WHAT YOU ARE ASKED TO DO:
Could you return the data below exactly as it appears?

MATERIAL TO PROCESS:
====
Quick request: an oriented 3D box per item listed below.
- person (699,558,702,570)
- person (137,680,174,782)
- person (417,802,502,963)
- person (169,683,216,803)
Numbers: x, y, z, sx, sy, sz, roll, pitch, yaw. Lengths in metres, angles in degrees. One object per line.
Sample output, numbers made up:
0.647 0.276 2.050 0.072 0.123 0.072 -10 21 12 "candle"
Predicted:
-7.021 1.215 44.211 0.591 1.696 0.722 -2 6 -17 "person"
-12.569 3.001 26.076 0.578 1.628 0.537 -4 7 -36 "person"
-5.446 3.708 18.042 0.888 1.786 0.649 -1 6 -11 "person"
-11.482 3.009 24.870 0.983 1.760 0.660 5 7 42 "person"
====
ANSWER FOR THE TASK:
Quick request: an oriented 3D box per item listed below.
- person (699,558,702,570)
- person (137,680,174,782)
- person (417,802,502,963)
- person (169,683,216,803)
Numbers: x, y, z, sx, sy, sz, roll, pitch, yaw. Lengths in metres, angles in degrees. One object per line.
Sample output, numbers made up:
0.647 0.276 2.050 0.072 0.123 0.072 -10 21 12 "candle"
Predicted:
-7.021 1.215 44.211 0.591 1.696 0.722 -2 6 -17 "person"
-12.569 3.001 26.076 0.578 1.628 0.537 -4 7 -36 "person"
-5.446 3.708 18.042 0.888 1.786 0.649 -1 6 -11 "person"
-11.482 3.009 24.870 0.983 1.760 0.660 5 7 42 "person"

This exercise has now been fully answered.